Critical flux analyses on differently pretreated olive vegetation waste water streams: Some case studies

Abstract

One of the main disadvantages of batch membrane processes is the increase of the pollutant concentration in the feedstock throughout the operation. Operating the plant at constant process conditions leads in many cases to weaker performances and, moreover, to heavy fouling on the membranes. Critical flux-based methods are one of the most used approaches to overcome fouling problems. Within critical flux conditions, only reversible fouling can occur, which can be periodically soft-cleaned. This work studies the relationship between particle size distributions in the feed stream and critical flux values when different pretreatment processes are applied to an olive vegetation waste water stream.

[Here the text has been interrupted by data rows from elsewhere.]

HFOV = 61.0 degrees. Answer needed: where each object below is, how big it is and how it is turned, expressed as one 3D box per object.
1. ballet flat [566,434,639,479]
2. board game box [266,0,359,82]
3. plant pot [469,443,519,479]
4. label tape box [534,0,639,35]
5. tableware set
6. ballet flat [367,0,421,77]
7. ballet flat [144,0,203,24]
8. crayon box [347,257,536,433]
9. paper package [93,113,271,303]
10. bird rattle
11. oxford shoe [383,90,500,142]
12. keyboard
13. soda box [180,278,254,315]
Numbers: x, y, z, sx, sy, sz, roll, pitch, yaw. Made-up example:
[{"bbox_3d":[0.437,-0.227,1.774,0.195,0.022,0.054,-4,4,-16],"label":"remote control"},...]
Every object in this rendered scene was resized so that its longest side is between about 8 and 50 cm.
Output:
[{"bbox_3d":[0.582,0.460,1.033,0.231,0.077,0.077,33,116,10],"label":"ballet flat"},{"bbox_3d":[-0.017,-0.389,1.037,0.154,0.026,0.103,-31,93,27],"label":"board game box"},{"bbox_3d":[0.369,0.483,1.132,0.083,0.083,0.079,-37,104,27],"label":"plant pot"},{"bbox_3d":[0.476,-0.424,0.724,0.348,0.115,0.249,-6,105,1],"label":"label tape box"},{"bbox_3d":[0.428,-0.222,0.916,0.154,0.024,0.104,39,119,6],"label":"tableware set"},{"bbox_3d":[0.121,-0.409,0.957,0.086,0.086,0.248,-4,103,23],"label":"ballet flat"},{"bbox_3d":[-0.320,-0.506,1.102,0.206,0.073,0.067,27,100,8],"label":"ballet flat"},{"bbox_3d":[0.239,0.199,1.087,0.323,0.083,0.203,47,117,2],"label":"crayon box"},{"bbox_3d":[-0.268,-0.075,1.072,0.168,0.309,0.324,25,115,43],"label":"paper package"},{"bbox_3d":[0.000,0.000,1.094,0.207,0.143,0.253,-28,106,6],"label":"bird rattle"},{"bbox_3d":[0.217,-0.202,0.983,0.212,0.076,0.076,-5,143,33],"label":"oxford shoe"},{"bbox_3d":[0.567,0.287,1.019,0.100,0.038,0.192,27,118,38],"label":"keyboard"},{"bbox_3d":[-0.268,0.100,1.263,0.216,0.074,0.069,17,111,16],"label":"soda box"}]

The considered pretreatment processes were: coagulation (with aluminum hydroxide and aluminum sulphate), aerobic biodigestion (by means of fungi) and photocatalytic organic matter reduction (by means of nanometric titanium dioxide anatase powders irradiated by UV light). The study was carried out at pilot plant scale (100 L batch capacity). These results were compared with performances and effects on the critical flux value for MF, UF and NF membranes. The different pretreatment on the same waste water stream shifts differently the particle size distribution mainly by organic matter degradation, and this influences heavily the critical flux value and thus the filtration outcome. Finally, the purification of the olive vegetation waste water stream can be performed with a MF, UF, NF and RO membrane system in series, being very careful in choosing the correct operating conditions to avoid the quick formation of an unsustainable fouling.